Below you’ll find an updated list of investment crowdfunding and online alternative investment platforms where non-accredited investors can participate in online real estate investing. The list is divided into three sections:

Any investment carries risk, and real estate (crowdfunding or otherwise) should only be a portion of an overall portfolio. If you’re just getting started, there’s great tools out there like Personal Capital that can help you get a handle on your overall financial picture as you’re deciding whether and how much to invest in real estate. (You can read about my own experience learning the ropes of real estate investment crowdfunding here).

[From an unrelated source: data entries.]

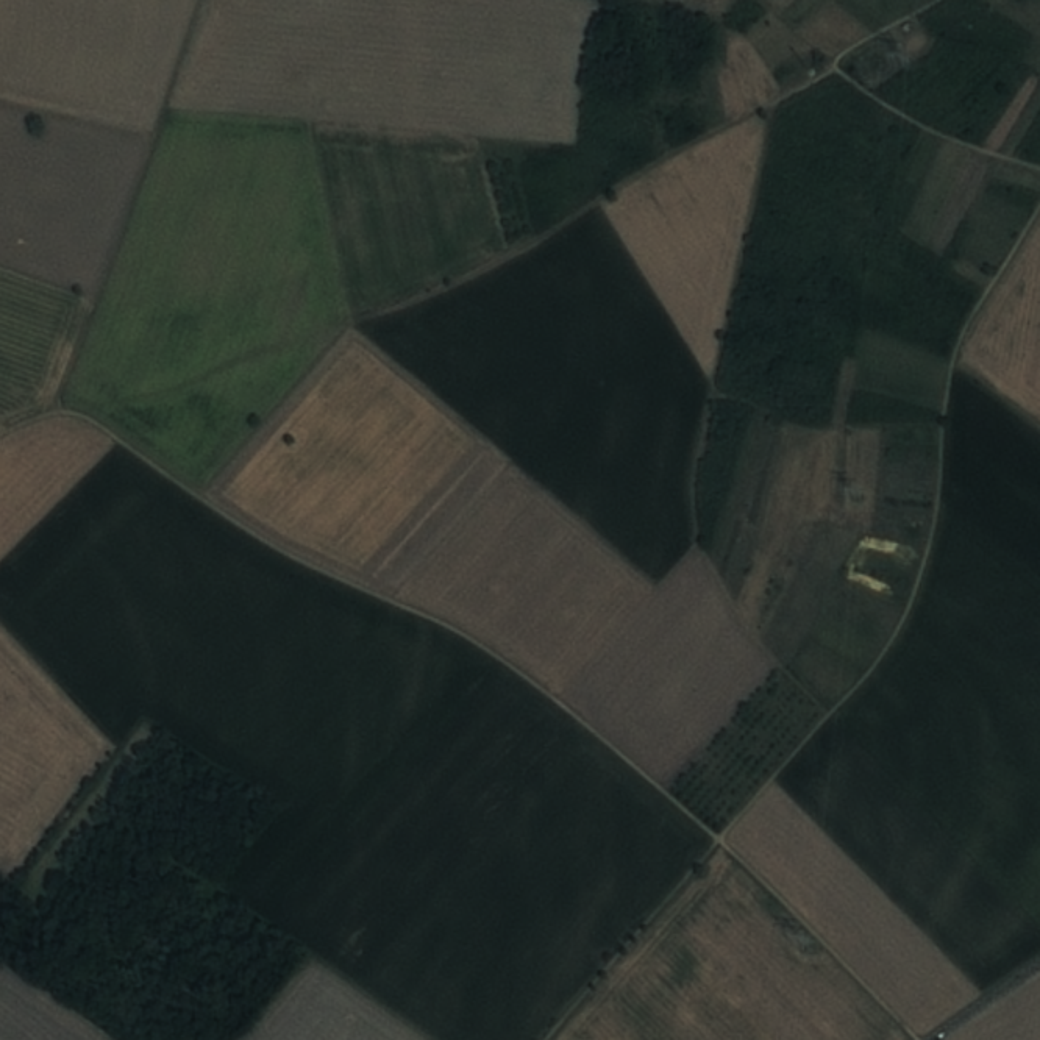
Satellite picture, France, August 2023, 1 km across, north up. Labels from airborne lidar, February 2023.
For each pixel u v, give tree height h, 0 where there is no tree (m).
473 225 0
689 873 0
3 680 0
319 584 0
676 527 0
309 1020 0
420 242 0
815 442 0
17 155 0
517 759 0
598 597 0
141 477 0
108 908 23
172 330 0
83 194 0
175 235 0
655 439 0
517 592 0
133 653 0
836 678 0
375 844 0
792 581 0
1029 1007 0
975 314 0
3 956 26
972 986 0
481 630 0
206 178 0
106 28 0
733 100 0
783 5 0
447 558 0
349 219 0
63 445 0
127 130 0
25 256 0
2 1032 0
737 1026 0
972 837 0
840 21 0
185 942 13
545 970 0
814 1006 0
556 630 0
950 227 0
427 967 0
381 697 0
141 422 0
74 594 0
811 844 0
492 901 0
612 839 0
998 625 0
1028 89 0
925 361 0
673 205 0
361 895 0
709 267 0
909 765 0
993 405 0
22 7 0
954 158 0
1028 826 0
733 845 0
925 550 0
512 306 0
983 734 0
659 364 0
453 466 0
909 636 0
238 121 0
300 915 0
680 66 8
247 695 0
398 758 0
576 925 0
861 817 0
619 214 0
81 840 17
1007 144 0
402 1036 0
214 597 0
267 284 0
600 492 0
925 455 0
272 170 0
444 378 0
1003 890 0
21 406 0
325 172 0
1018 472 0
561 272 0
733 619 0
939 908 0
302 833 0
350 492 0
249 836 25
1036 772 0
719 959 0
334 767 0
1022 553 0
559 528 0
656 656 0
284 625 0
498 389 0
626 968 0
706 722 0
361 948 0
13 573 0
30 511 0
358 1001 0
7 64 0
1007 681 0
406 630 0
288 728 0
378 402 0
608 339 0
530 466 0
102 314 0
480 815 0
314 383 0
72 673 0
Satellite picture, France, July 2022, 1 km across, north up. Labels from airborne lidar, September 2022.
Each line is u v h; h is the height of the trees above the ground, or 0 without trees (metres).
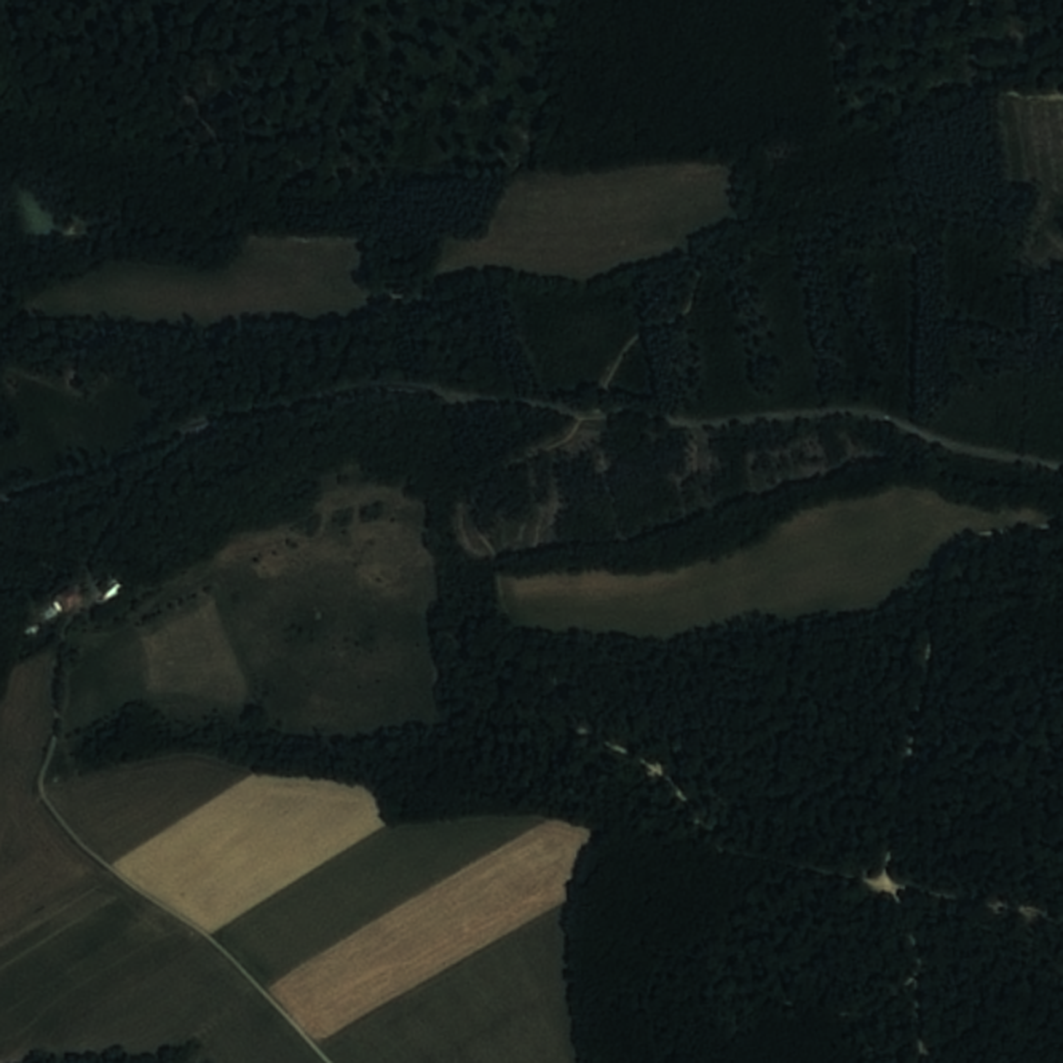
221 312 0
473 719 25
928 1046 21
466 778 16
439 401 18
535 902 0
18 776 0
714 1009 18
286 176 24
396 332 16
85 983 0
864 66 29
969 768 27
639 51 15
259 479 15
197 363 22
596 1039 19
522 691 30
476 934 0
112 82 26
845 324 7
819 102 13
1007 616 7
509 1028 0
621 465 16
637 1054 20
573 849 0
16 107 26
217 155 28
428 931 0
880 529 0
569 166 19
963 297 6
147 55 27
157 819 0
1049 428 9
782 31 14
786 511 24
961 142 29
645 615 0
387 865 0
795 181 12
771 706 21
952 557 22
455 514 18
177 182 24
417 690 0
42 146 23
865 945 24
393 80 7
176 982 0
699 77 14
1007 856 27
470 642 25
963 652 24
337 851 0
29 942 0
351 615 0
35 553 6
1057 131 0
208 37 29
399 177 10
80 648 6
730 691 22
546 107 18
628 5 17
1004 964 19
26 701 0
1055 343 16
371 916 0
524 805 19
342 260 0
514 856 0
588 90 16
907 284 7
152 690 0
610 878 19
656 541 20
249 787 0
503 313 22
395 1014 0
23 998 0
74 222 12
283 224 22
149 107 29
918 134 26
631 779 12
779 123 17
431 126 7
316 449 13
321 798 0
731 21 14
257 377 25
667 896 19
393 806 22
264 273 0
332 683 0
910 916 20
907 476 18
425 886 0
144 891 0
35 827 0
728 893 19
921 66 28
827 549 0
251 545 0
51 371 18
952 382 19
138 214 18
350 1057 0
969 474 6
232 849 0
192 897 0
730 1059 19
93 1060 17
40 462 0
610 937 23
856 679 24
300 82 31
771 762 23
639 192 0
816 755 27
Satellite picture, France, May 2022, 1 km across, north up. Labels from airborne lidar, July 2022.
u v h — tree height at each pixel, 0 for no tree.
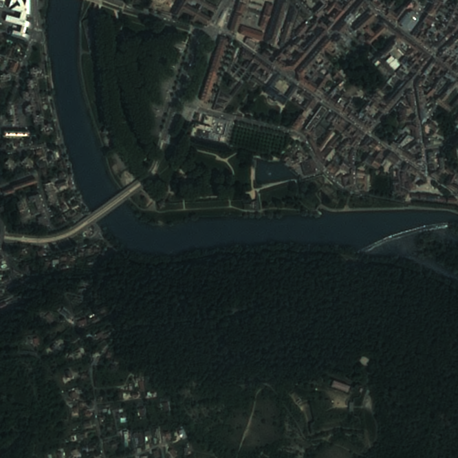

And when considering one of these investment platforms and deciding if it’s a good fit for you, there’s lots to consider, including things like:

  • What’s the platform’s track record? How long has it been around? Is it well-financed? What happens to your investment if the platform shuts down?
  • What’s the minimum investment?
  • What specific kind of investments are available? Are you investing in a single property, a specific group of properties, or a general fund (ie a REIT) that may buy and sell many properties over time?
  • What kind of security will you receive? Is it debt or equity? What is your position on the “capital stack” What are your rights in the event of a default or a delay?
  • What kind of return can you expect? Are the projected returns shown net of fees? Are there regular cash distributions? Is there any further upside if a property or properties are sold?
  • What are the fees and expenses? These can vary widely by platform and investment, and fees are not necessarily a bad thing if they help ensure everyone involved with your investment is motivated to see it succeed.
  • What kind of regulatory framework is the investment offered under? For example, Reg CF mandates specific background checks and disclosure requirements, as well as requiring that those raising money open up an online forum to ask questions (and review answers from other investors), while Reg D imposes no such requirements (though the deal sponsor may of course be more than happy to answer your questions).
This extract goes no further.